Reputation: 42050
I am dealing with XML transformations right now. For example,
<a>
with <b>
<c x = "xxx">
with <d y="xxx">
etc.I am using standard scala.xml
RewriteRule and RuleTransformer
. I extend RewriteRule
and pass it to a RuleTransformer
instance, which applies the rule to XML.
I know there are other tools for that job: lenses
, zippers
, etc. Can they transform XMLs as I need? What are their advantages in comparison to my current approach?
Upvotes: 1
Views: 427
Reputation: 139028
First for a side note: the Scala XML scene is pretty sad. Anti-XML was promising, but is now mostly abandoned (Arktekk got it working on 2.10, but I'm not sure how active that development is).
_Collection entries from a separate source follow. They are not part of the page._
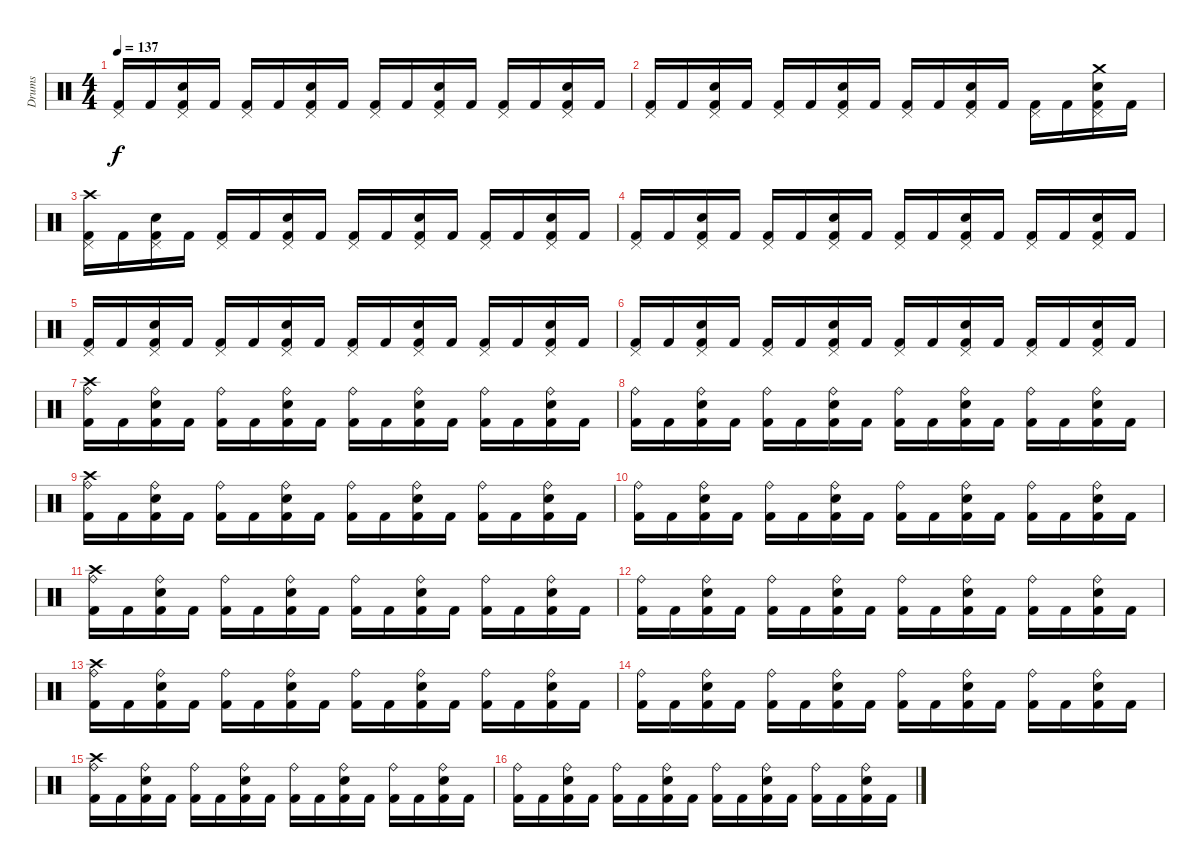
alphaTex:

\track ("Drums" "Drums") {instrument percussion}
\staff
\articulation defaults
\ts (4 4)
\tempo 137
\clef neutral
\ks c
("Pedal Hi-Hat (hit)" "Kick (hit) 2").16{dy f} "Kick (hit) 2".16 ("Pedal Hi-Hat (hit)" "Snare (hit) 2" "Kick (hit) 2").16 "Kick (hit) 2".16 ("Pedal Hi-Hat (hit)" "Kick (hit) 2").16 "Kick (hit) 2".16 ("Pedal Hi-Hat (hit)" "Snare (hit) 2" "Kick (hit) 2").16 "Kick (hit) 2".16 ("Pedal Hi-Hat (hit)" "Kick (hit) 2").16 "Kick (hit) 2".16 ("Pedal Hi-Hat (hit)" "Snare (hit) 2" "Kick (hit) 2").16 "Kick (hit) 2".16 ("Pedal Hi-Hat (hit)" "Kick (hit) 2").16 "Kick (hit) 2".16 ("Pedal Hi-Hat (hit)" "Snare (hit) 2" "Kick (hit) 2").16 "Kick (hit) 2".16 |
("Pedal Hi-Hat (hit)" "Kick (hit) 2").16 "Kick (hit) 2".16 ("Pedal Hi-Hat (hit)" "Snare (hit) 2" "Kick (hit) 2").16 "Kick (hit) 2".16 ("Pedal Hi-Hat (hit)" "Kick (hit) 2").16 "Kick (hit) 2".16 ("Pedal Hi-Hat (hit)" "Snare (hit) 2" "Kick (hit) 2").16 "Kick (hit) 2".16 ("Pedal Hi-Hat (hit)" "Kick (hit) 2").16 "Kick (hit) 2".16 ("Pedal Hi-Hat (hit)" "Snare (hit) 2" "Kick (hit) 2").16 "Kick (hit) 2".16 ("Pedal Hi-Hat (hit)" "Kick (hit) 2").16 "Kick (hit) 2".16 ("Crash medium (hit)" "Pedal Hi-Hat (hit)" "Snare (hit) 2" "Kick (hit) 2").16 "Kick (hit) 2".16 |
("Crash high (hit)" "Pedal Hi-Hat (hit)" "Kick (hit) 2").16 "Kick (hit) 2".16 ("Pedal Hi-Hat (hit)" "Snare (hit) 2" "Kick (hit) 2").16 "Kick (hit) 2".16 ("Pedal Hi-Hat (hit)" "Kick (hit) 2").16 "Kick (hit) 2".16 ("Pedal Hi-Hat (hit)" "Snare (hit) 2" "Kick (hit) 2").16 "Kick (hit) 2".16 ("Pedal Hi-Hat (hit)" "Kick (hit) 2").16 "Kick (hit) 2".16 ("Pedal Hi-Hat (hit)" "Snare (hit) 2" "Kick (hit) 2").16 "Kick (hit) 2".16 ("Pedal Hi-Hat (hit)" "Kick (hit) 2").16 "Kick (hit) 2".16 ("Pedal Hi-Hat (hit)" "Snare (hit) 2" "Kick (hit) 2").16 "Kick (hit) 2".16 |
("Pedal Hi-Hat (hit)" "Kick (hit) 2").16 "Kick (hit) 2".16 ("Pedal Hi-Hat (hit)" "Snare (hit) 2" "Kick (hit) 2").16 "Kick (hit) 2".16 ("Pedal Hi-Hat (hit)" "Kick (hit) 2").16 "Kick (hit) 2".16 ("Pedal Hi-Hat (hit)" "Snare (hit) 2" "Kick (hit) 2").16 "Kick (hit) 2".16 ("Pedal Hi-Hat (hit)" "Kick (hit) 2").16 "Kick (hit) 2".16 ("Pedal Hi-Hat (hit)" "Snare (hit) 2" "Kick (hit) 2").16 "Kick (hit) 2".16 ("Pedal Hi-Hat (hit)" "Kick (hit) 2").16 "Kick (hit) 2".16 ("Pedal Hi-Hat (hit)" "Snare (hit) 2" "Kick (hit) 2").16 "Kick (hit) 2".16 |
("Pedal Hi-Hat (hit)" "Kick (hit) 2").16 "Kick (hit) 2".16 ("Pedal Hi-Hat (hit)" "Snare (hit) 2" "Kick (hit) 2").16 "Kick (hit) 2".16 ("Pedal Hi-Hat (hit)" "Kick (hit) 2").16 "Kick (hit) 2".16 ("Pedal Hi-Hat (hit)" "Snare (hit) 2" "Kick (hit) 2").16 "Kick (hit) 2".16 ("Pedal Hi-Hat (hit)" "Kick (hit) 2").16 "Kick (hit) 2".16 ("Pedal Hi-Hat (hit)" "Snare (hit) 2" "Kick (hit) 2").16 "Kick (hit) 2".16 ("Pedal Hi-Hat (hit)" "Kick (hit) 2").16 "Kick (hit) 2".16 ("Pedal Hi-Hat (hit)" "Snare (hit) 2" "Kick (hit) 2").16 "Kick (hit) 2".16 |
("Pedal Hi-Hat (hit)" "Kick (hit) 2").16 "Kick (hit) 2".16 ("Pedal Hi-Hat (hit)" "Snare (hit) 2" "Kick (hit) 2").16 "Kick (hit) 2".16 ("Pedal Hi-Hat (hit)" "Kick (hit) 2").16 "Kick (hit) 2".16 ("Pedal Hi-Hat (hit)" "Snare (hit) 2" "Kick (hit) 2").16 "Kick (hit) 2".16 ("Pedal Hi-Hat (hit)" "Kick (hit) 2").16 "Kick (hit) 2".16 ("Pedal Hi-Hat (hit)" "Snare (hit) 2" "Kick (hit) 2").16 "Kick (hit) 2".16 ("Pedal Hi-Hat (hit)" "Kick (hit) 2").16 "Kick (hit) 2".16 ("Pedal Hi-Hat (hit)" "Snare (hit) 2" "Kick (hit) 2").16 "Kick (hit) 2".16 |
("Crash high (hit)" "Ride (bell)" "Kick (hit) 2").16 "Kick (hit) 2".16 ("Ride (bell)" "Snare (hit) 2" "Kick (hit) 2").16 "Kick (hit) 2".16 ("Ride (bell)" "Kick (hit) 2").16 "Kick (hit) 2".16 ("Ride (bell)" "Snare (hit) 2" "Kick (hit) 2").16 "Kick (hit) 2".16 ("Ride (bell)" "Kick (hit) 2").16 "Kick (hit) 2".16 ("Ride (bell)" "Snare (hit) 2" "Kick (hit) 2").16 "Kick (hit) 2".16 ("Ride (bell)" "Kick (hit) 2").16 "Kick (hit) 2".16 ("Ride (bell)" "Snare (hit) 2" "Kick (hit) 2").16 "Kick (hit) 2".16 |
("Ride (bell)" "Kick (hit) 2").16 "Kick (hit) 2".16 ("Ride (bell)" "Snare (hit) 2" "Kick (hit) 2").16 "Kick (hit) 2".16 ("Ride (bell)" "Kick (hit) 2").16 "Kick (hit) 2".16 ("Ride (bell)" "Snare (hit) 2" "Kick (hit) 2").16 "Kick (hit) 2".16 ("Ride (bell)" "Kick (hit) 2").16 "Kick (hit) 2".16 ("Ride (bell)" "Snare (hit) 2" "Kick (hit) 2").16 "Kick (hit) 2".16 ("Ride (bell)" "Kick (hit) 2").16 "Kick (hit) 2".16 ("Ride (bell)" "Snare (hit) 2" "Kick (hit) 2").16 "Kick (hit) 2".16 |
("Crash high (hit)" "Ride (bell)" "Kick (hit) 2").16 "Kick (hit) 2".16 ("Ride (bell)" "Snare (hit) 2" "Kick (hit) 2").16 "Kick (hit) 2".16 ("Ride (bell)" "Kick (hit) 2").16 "Kick (hit) 2".16 ("Ride (bell)" "Snare (hit) 2" "Kick (hit) 2").16 "Kick (hit) 2".16 ("Ride (bell)" "Kick (hit) 2").16 "Kick (hit) 2".16 ("Ride (bell)" "Snare (hit) 2" "Kick (hit) 2").16 "Kick (hit) 2".16 ("Ride (bell)" "Kick (hit) 2").16 "Kick (hit) 2".16 ("Ride (bell)" "Snare (hit) 2" "Kick (hit) 2").16 "Kick (hit) 2".16 |
("Ride (bell)" "Kick (hit) 2").16 "Kick (hit) 2".16 ("Ride (bell)" "Snare (hit) 2" "Kick (hit) 2").16 "Kick (hit) 2".16 ("Ride (bell)" "Kick (hit) 2").16 "Kick (hit) 2".16 ("Ride (bell)" "Snare (hit) 2" "Kick (hit) 2").16 "Kick (hit) 2".16 ("Ride (bell)" "Kick (hit) 2").16 "Kick (hit) 2".16 ("Ride (bell)" "Snare (hit) 2" "Kick (hit) 2").16 "Kick (hit) 2".16 ("Ride (bell)" "Kick (hit) 2").16 "Kick (hit) 2".16 ("Ride (bell)" "Snare (hit) 2" "Kick (hit) 2").16 "Kick (hit) 2".16 |
("Crash high (hit)" "Ride (bell)" "Kick (hit) 2").16 "Kick (hit) 2".16 ("Ride (bell)" "Snare (hit) 2" "Kick (hit) 2").16 "Kick (hit) 2".16 ("Ride (bell)" "Kick (hit) 2").16 "Kick (hit) 2".16 ("Ride (bell)" "Snare (hit) 2" "Kick (hit) 2").16 "Kick (hit) 2".16 ("Ride (bell)" "Kick (hit) 2").16 "Kick (hit) 2".16 ("Ride (bell)" "Snare (hit) 2" "Kick (hit) 2").16 "Kick (hit) 2".16 ("Ride (bell)" "Kick (hit) 2").16 "Kick (hit) 2".16 ("Ride (bell)" "Snare (hit) 2" "Kick (hit) 2").16 "Kick (hit) 2".16 |
("Ride (bell)" "Kick (hit) 2").16 "Kick (hit) 2".16 ("Ride (bell)" "Snare (hit) 2" "Kick (hit) 2").16 "Kick (hit) 2".16 ("Ride (bell)" "Kick (hit) 2").16 "Kick (hit) 2".16 ("Ride (bell)" "Snare (hit) 2" "Kick (hit) 2").16 "Kick (hit) 2".16 ("Ride (bell)" "Kick (hit) 2").16 "Kick (hit) 2".16 ("Ride (bell)" "Snare (hit) 2" "Kick (hit) 2").16 "Kick (hit) 2".16 ("Ride (bell)" "Kick (hit) 2").16 "Kick (hit) 2".16 ("Ride (bell)" "Snare (hit) 2" "Kick (hit) 2").16 "Kick (hit) 2".16 |
("Crash high (hit)" "Ride (bell)" "Kick (hit) 2").16 "Kick (hit) 2".16 ("Ride (bell)" "Snare (hit) 2" "Kick (hit) 2").16 "Kick (hit) 2".16 ("Ride (bell)" "Kick (hit) 2").16 "Kick (hit) 2".16 ("Ride (bell)" "Snare (hit) 2" "Kick (hit) 2").16 "Kick (hit) 2".16 ("Ride (bell)" "Kick (hit) 2").16 "Kick (hit) 2".16 ("Ride (bell)" "Snare (hit) 2" "Kick (hit) 2").16 "Kick (hit) 2".16 ("Ride (bell)" "Kick (hit) 2").16 "Kick (hit) 2".16 ("Ride (bell)" "Snare (hit) 2" "Kick (hit) 2").16 "Kick (hit) 2".16 |
("Ride (bell)" "Kick (hit) 2").16 "Kick (hit) 2".16 ("Ride (bell)" "Snare (hit) 2" "Kick (hit) 2").16 "Kick (hit) 2".16 ("Ride (bell)" "Kick (hit) 2").16 "Kick (hit) 2".16 ("Ride (bell)" "Snare (hit) 2" "Kick (hit) 2").16 "Kick (hit) 2".16 ("Ride (bell)" "Kick (hit) 2").16 "Kick (hit) 2".16 ("Ride (bell)" "Snare (hit) 2" "Kick (hit) 2").16 "Kick (hit) 2".16 ("Ride (bell)" "Kick (hit) 2").16 "Kick (hit) 2".16 ("Ride (bell)" "Snare (hit) 2" "Kick (hit) 2").16 "Kick (hit) 2".16 |
("Crash high (hit)" "Ride (bell)" "Kick (hit) 2").16 "Kick (hit) 2".16 ("Ride (bell)" "Snare (hit) 2" "Kick (hit) 2").16 "Kick (hit) 2".16 ("Ride (bell)" "Kick (hit) 2").16 "Kick (hit) 2".16 ("Ride (bell)" "Snare (hit) 2" "Kick (hit) 2").16 "Kick (hit) 2".16 ("Ride (bell)" "Kick (hit) 2").16 "Kick (hit) 2".16 ("Ride (bell)" "Snare (hit) 2" "Kick (hit) 2").16 "Kick (hit) 2".16 ("Ride (bell)" "Kick (hit) 2").16 "Kick (hit) 2".16 ("Ride (bell)" "Snare (hit) 2" "Kick (hit) 2").16 "Kick (hit) 2".16 |
("Ride (bell)" "Kick (hit) 2").16 "Kick (hit) 2".16 ("Ride (bell)" "Snare (hit) 2" "Kick (hit) 2").16 "Kick (hit) 2".16 ("Ride (bell)" "Kick (hit) 2").16 "Kick (hit) 2".16 ("Ride (bell)" "Snare (hit) 2" "Kick (hit) 2").16 "Kick (hit) 2".16 ("Ride (bell)" "Kick (hit) 2").16 "Kick (hit) 2".16 ("Ride (bell)" "Snare (hit) 2" "Kick (hit) 2").16 "Kick (hit) 2".16 ("Ride (bell)" "Kick (hit) 2").16 "Kick (hit) 2".16 ("Ride (bell)" "Snare (hit) 2" "Kick (hit) 2").16 "Kick (hit) 2".16

Anti-XML did have a really neat zipper implementation, though, that would allow you to write stuff like this:
import com.codecommit.antixml._
val myDoc = <foo><a/><c x="xxx"/><a bar="baz"><b/></a></foo>.convert
def replaceA(e: Elem) = (e \\ "a").map(_.copy(name = "AAA")).unselect
def replaceXxxC(e: Elem) = (e \\ "c").filter(
_.attrs.get("x").exists(_ == "xxx")
).map(_ => <d y="xxx"/>.convert).unselect
And then:
scala> println(replaceA(myDoc))
<foo><AAA/><c x="xxx"/><AAA bar="baz"><b/></AAA></foo>
scala> println(replaceXxxC(myDoc))
<foo><a/><d y="xxx"/><a bar="baz"><b/></a></foo>
The basic idea is that you use selectors like \\
to navigate into the XML, make "changes" locally with map
, etc., and then back out of the zipper with unselect
. This is the key benefit of using zippers (or lenses) for XML transformation—you get very imperative-like syntax for editing (it looks more or less just like navigation plus local changes) but also all the benefits of immutability.
Scales XML also lets you do this kind of thing, but it's quite a bit more complex.